If you have trouble with the roms loading from SD card , check a few things

  • Preferably the SD card is a smaller and/or older one. In 2019, I tend to buy cheap 8GB cards as they are about the smallest you can get. Buy the slowest you can find.

  • Partition the SD card so there is one partition and its less than 4GB (I tend to make a 1GB partition, but even that is overkill)

  • Format the partition with FAT32 . I am just using linux, and am not doing anything special (eg. sudo mkfs.vfat /dev/sd<driver_letter>1 )

  • Find a decent BEEB.MMB for the Electron on the stardot forums.

  • Copy the BEEB.MMB as the very first file you copy to your formatted SD card. MMFS has a minimal FAT layer, so I think I read that BEEB.MMB has to be one of the first 8 files written to the SD card (I could be wrong).

  • After you've copied the BEEB.MMB in, make the boot roms directories (eg. boot/12 , boot/13 etc) and copy some roms in. To keep it simple I would just copy ESWMMFS.rom into boot/12 and leave the other slots empty. One thing to note is that a different FAT interface runs on the stm32f407 board and it does not have the same limitations as MMFS (all you need to know is MMFS wants to find BEEB.MMB. Any other files on the SD card are used directly by the stm32f407 board.

  • Try booting. If the SD card is too slow then you may not see any rom related banners when you boot the Electron. Try doing a ctrl-break on the Electron to get the Electron to boot without power cycling the stm32f407 board.

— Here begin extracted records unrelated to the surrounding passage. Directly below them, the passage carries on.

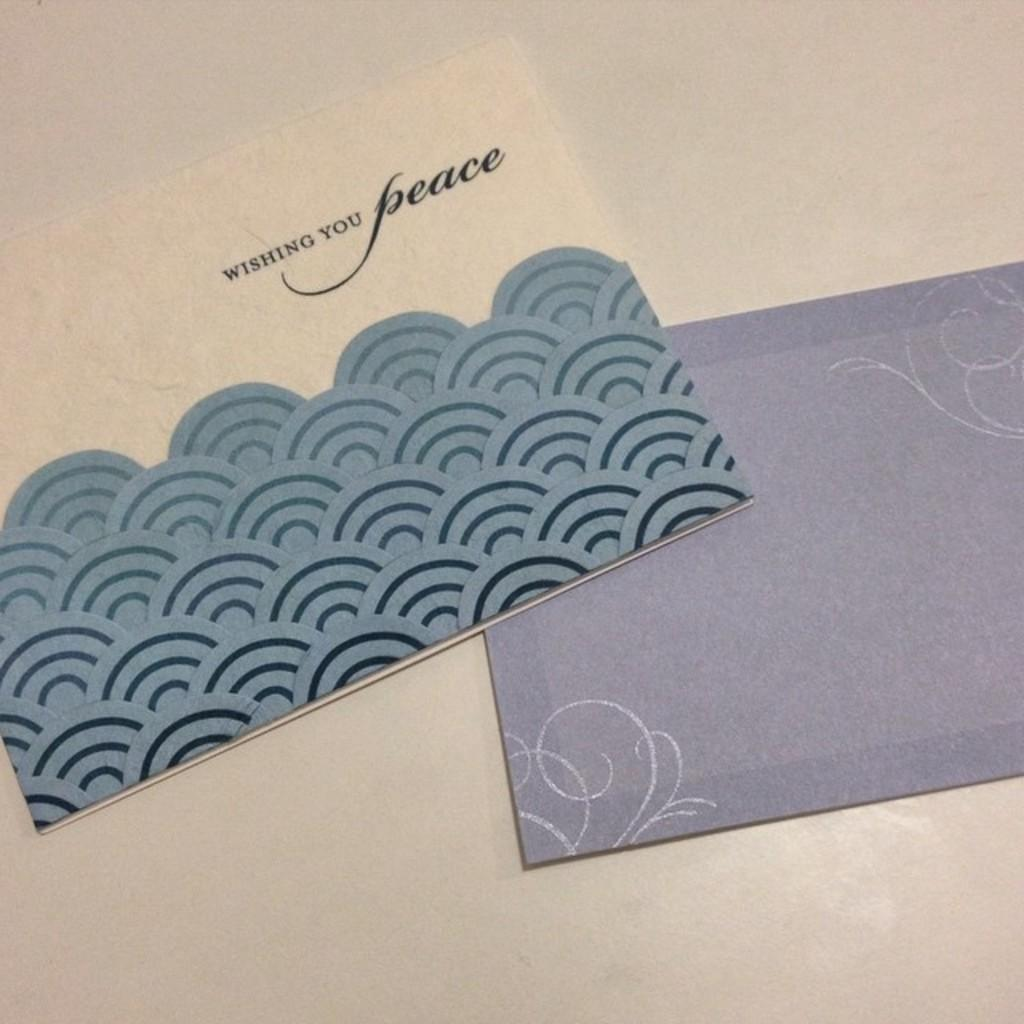<image>
Share a concise interpretation of the image provided. A sympathy card says "wishing you peace" on the front. 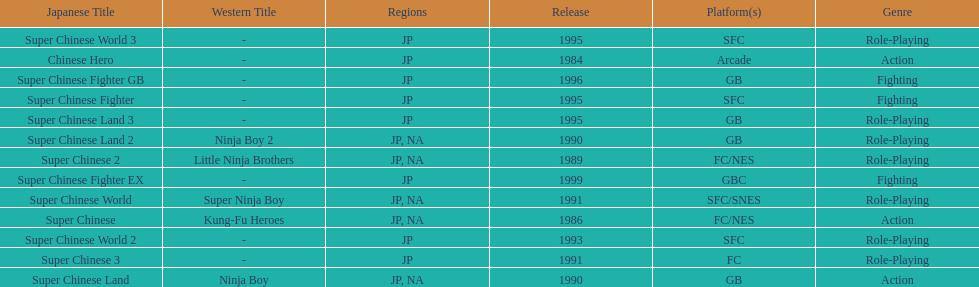What are the total of super chinese games released? 13. 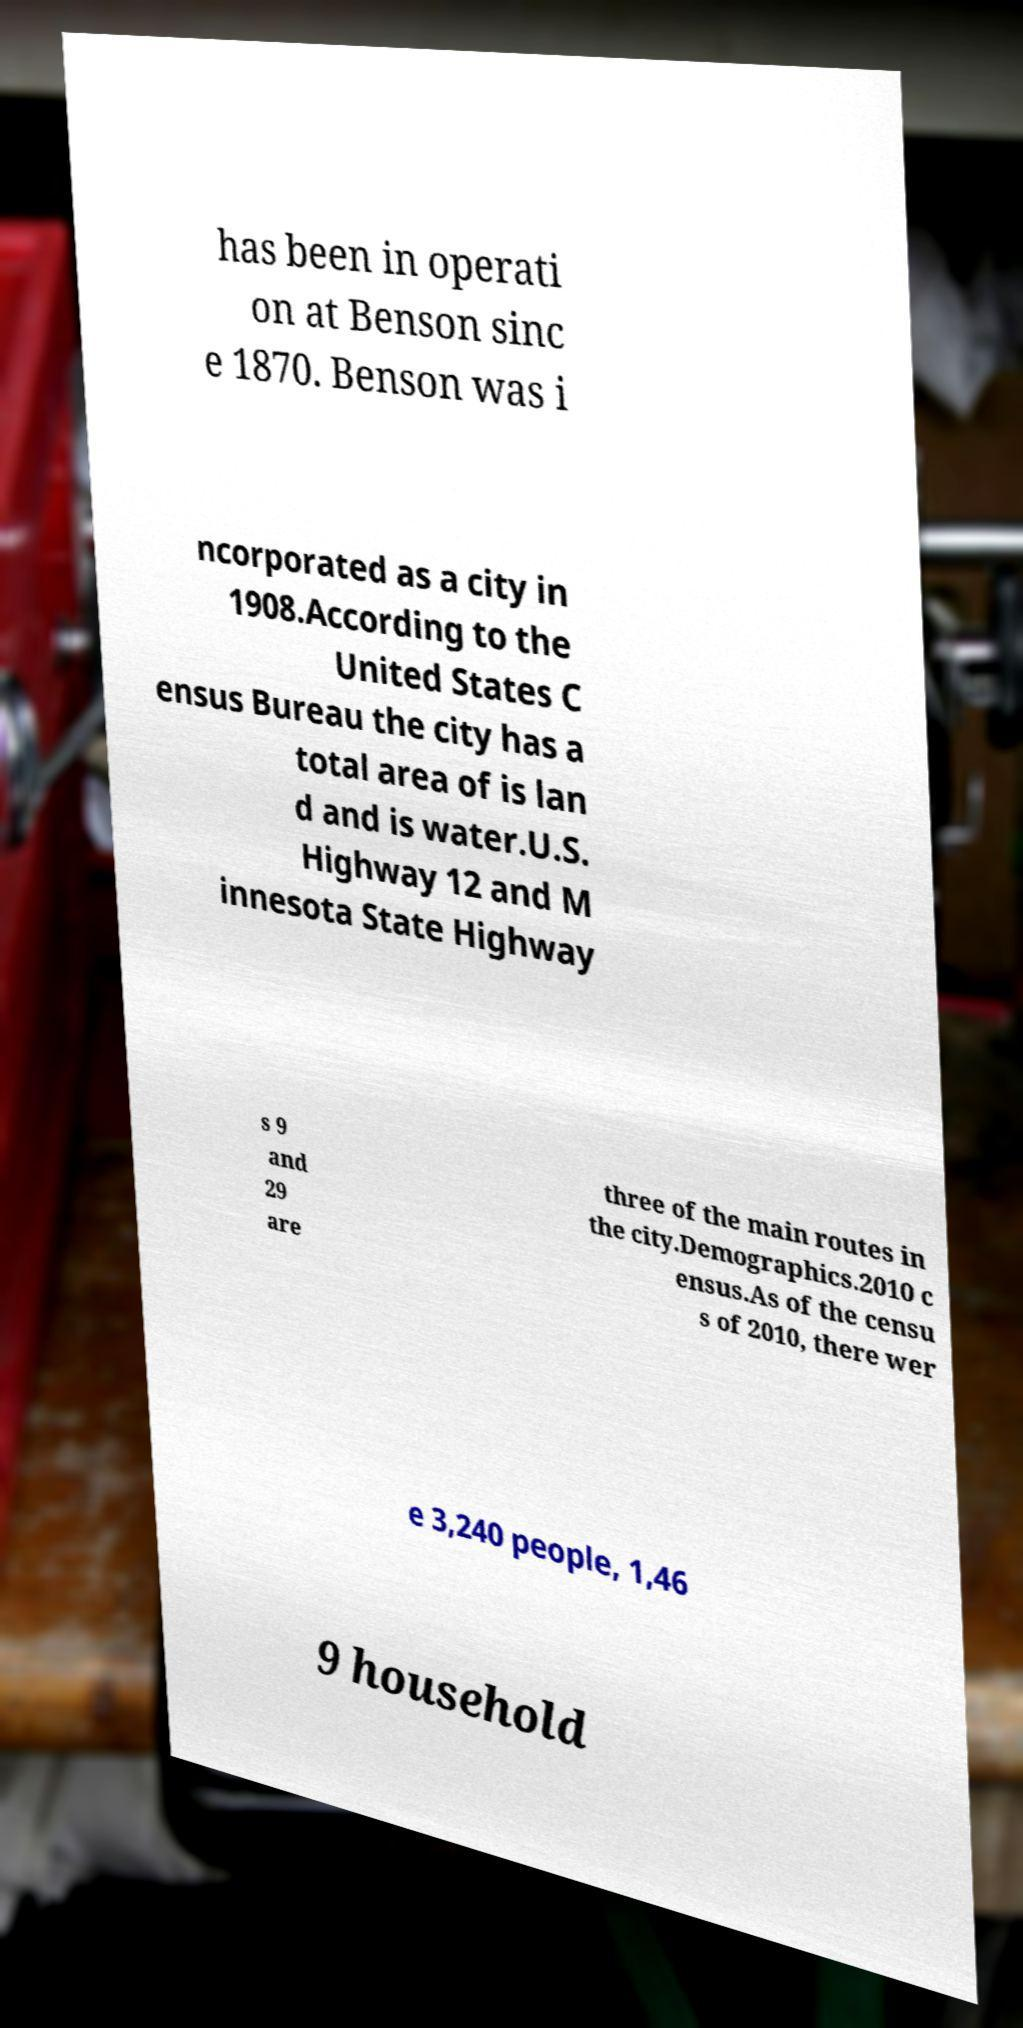Please identify and transcribe the text found in this image. has been in operati on at Benson sinc e 1870. Benson was i ncorporated as a city in 1908.According to the United States C ensus Bureau the city has a total area of is lan d and is water.U.S. Highway 12 and M innesota State Highway s 9 and 29 are three of the main routes in the city.Demographics.2010 c ensus.As of the censu s of 2010, there wer e 3,240 people, 1,46 9 household

  • Normally when an SD card is initialised in SPI mode, it starts off with a slow clock and after an initialisation phase it switches to a faster clock. You can lock it in a slower clock if you think that is the problem. Look in sdmm.c for the disk_initialize method, and towards the end of it is this.

        BitDelay=0;
    

Comment it out , and recompile.

  • The current code has two ways of loading ROMS as the system boots;

    • You reference one or more ROMS in roms-preloaded-from-flash.S
    • You put some ROMS inthe SD card under boot/4, boot/5, boot/6, boot/7, boot/12, boot/13, boot/14 or boot/15

Both methods are attempted on boot in the order shown above. So let's say you defined two ROMs in roms-preloaded-from-flash.S, and they were defined to load as slot 12 and 13. But it you also put a ROM in boot/12 on the SD card, then slot 12 would be overridden with what you had on the SD card. Similarly slot 13 would be overridden in you had a ROM in boot/13 on the SD card and so on.

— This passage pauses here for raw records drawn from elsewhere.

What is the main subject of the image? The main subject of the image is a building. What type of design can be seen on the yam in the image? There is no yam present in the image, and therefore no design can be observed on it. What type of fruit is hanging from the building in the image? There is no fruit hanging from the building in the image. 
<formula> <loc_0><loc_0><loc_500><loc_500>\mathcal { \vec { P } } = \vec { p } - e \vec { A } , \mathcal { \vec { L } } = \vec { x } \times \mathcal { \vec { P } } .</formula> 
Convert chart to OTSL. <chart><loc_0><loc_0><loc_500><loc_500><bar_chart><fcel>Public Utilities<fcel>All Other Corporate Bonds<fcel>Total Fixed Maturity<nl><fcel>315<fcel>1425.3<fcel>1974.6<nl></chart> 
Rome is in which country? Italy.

To use preloading from flash, place the roms paths as incbin lines after the relevant slot labels in roms-preloaded-from-flash.S

      slot_4_base:
        .incbin "roms/ESWMMFS.rom"
      slot_5_base:
        .incbin "roms/AP6v130ta.rom"
      slot_6_base:
        //.incbin "roms/blank.rom"
      slot_7_base:
        //.incbin "roms/blank.rom"
      

Obviously 'make' and flash the hex file to the stm32f407 board to use these. (you might need to do a 'make clean' then 'make')

For reference the AP6v130ta.rom referred to above is the 16K AP6 rom from http://mdfs.net/Software/BBC/SROM/Plus1/ . That will give you a *ROMS command as well as various sideways ram load/save commands. I often put this as rom 13.

  • The flash accelerator had some problems in early stm32f4 chips. Find this line in main.c:
    //FLASH->ACR = FLASH_ACR_PRFTEN | FLASH_ACR_ICEN |FLASH_ACR_DCEN |FLASH_ACR_LATENCY_5WS;
    FLASH->ACR =  FLASH_ACR_ICEN |FLASH_ACR_DCEN |FLASH_ACR_LATENCY_5WS;

The line with FLASH_ACR_PRFTEN turns on the flash prefetch feature which is generally a good thing but might cause problems on some chips. You can try commenting one line and not the other to turn it on and off.